Pas de vaccination sans réflexion... Informez-vous !

Accueil Page mise à jour le 28/04/2015

Lettre ouverte au Ministre de la Santé

Liberté des vaccinations

 

          Madame Marisol Touraine
          Ministère de la Santé
          75350 PARIS SP

Suivez-nous sur Facebook         

 
24 avril 2015    

Madame le Ministre,

Le 20 mars, le Conseil constitutionnel a estimé que la vaccination obligatoire des enfants est conforme « à l’exigence constitutionnelle de protection de la santé publique », non sans souligner dans son commentaire, la réserve de la contre-indication. Cette obligation instaurée d’abord pour justifier la prise en charge par la collectivité est maintenue désormais au nom d’une immunité grégaire (même contre le tétanos, non contagieux !) : pourtant la France a signé la Convention européenne d’Oviedo rappelant (article 2) que « L'intérêt et le bien de l'être humain doivent prévaloir sur le seul intérêt de la société ou de la science ».

L’avis du Conseil fait ainsi peu de cas du respect de l’intégrité physique de l’individu, comme de l’exigence de son consentement (ou de celui de ses représentants) préalablement à tout acte médical sur sa personne.  

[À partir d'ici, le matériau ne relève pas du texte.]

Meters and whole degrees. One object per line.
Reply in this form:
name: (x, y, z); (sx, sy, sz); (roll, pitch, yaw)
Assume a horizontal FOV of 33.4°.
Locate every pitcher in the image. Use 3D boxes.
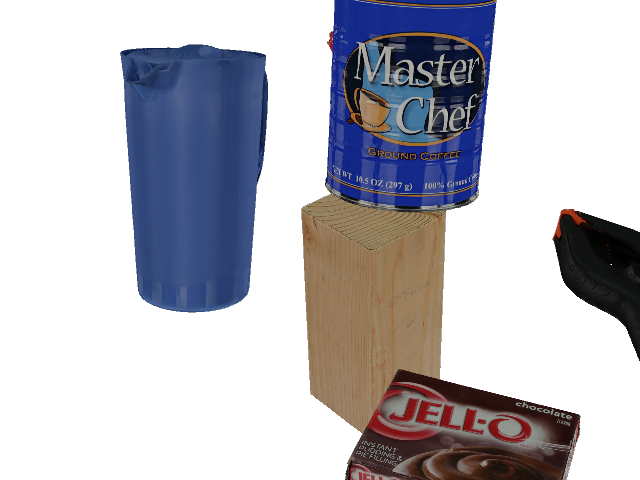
pitcher: (-0.113, -0.064, 1.015); (0.149, 0.243, 0.145); (-2, 15, -13)

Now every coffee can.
coffee can: (0.057, -0.100, 0.683); (0.103, 0.140, 0.103); (2, 21, -1)

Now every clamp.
clamp: (0.230, 0.036, 0.723); (0.120, 0.039, 0.171); (-6, 43, -27)

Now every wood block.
wood block: (0.048, 0.060, 0.945); (0.090, 0.206, 0.091); (-25, 39, -31)

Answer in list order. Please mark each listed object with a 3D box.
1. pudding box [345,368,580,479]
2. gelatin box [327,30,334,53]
pudding box: (0.081, 0.121, 0.597); (0.114, 0.039, 0.090); (14, 32, 16)
gelatin box: (0.060, -0.156, 0.898); (0.089, 0.073, 0.030); (-20, 25, 17)

Le Conseil se réfère à la garantie de la protection de la santé publique, sans se préoccuper de la garantie corollaire à l’obligation d’une absolue sécurité des vaccinations pour chacun. Surtout le Conseil considère que l’actuelle politique sanitaire collective serait exclusive de toute autre conception médicale, et pour tout dire infaillible.

Cette décision se contente de ratifier une pratique historique d’obligation par laquelle la France se singularise au sein de l’Europe, voire contrevient à la libre circulation de nos partenaires.

En l’état actuel, cette onction de constitutionnalité tend à pérenniser les obligations de vaccination contre la diphtérie et la poliomyélite, maladies contagieuses disparues de France depuis plus de 20 ans, et contre le tétanos, maladie non contagieuse, mais aussi non immunisante, qui représente 3 décès par an dans des cas particuliers. Les moindres risques inhérents à ces vaccinations sont désormais plus importants que ceux de ces maladies : même constitutionnelle, la systématisation de ces vaccins de faible utilité est d’autant plus contestable du point de vue de la santé publique.

Cette consécration constitutionnelle intervient alors que le Comité Technique des Vaccinations (CTV) admet que la contrainte légale nuit à ses objectifs de vaccination… si ce n’est à la santé publique.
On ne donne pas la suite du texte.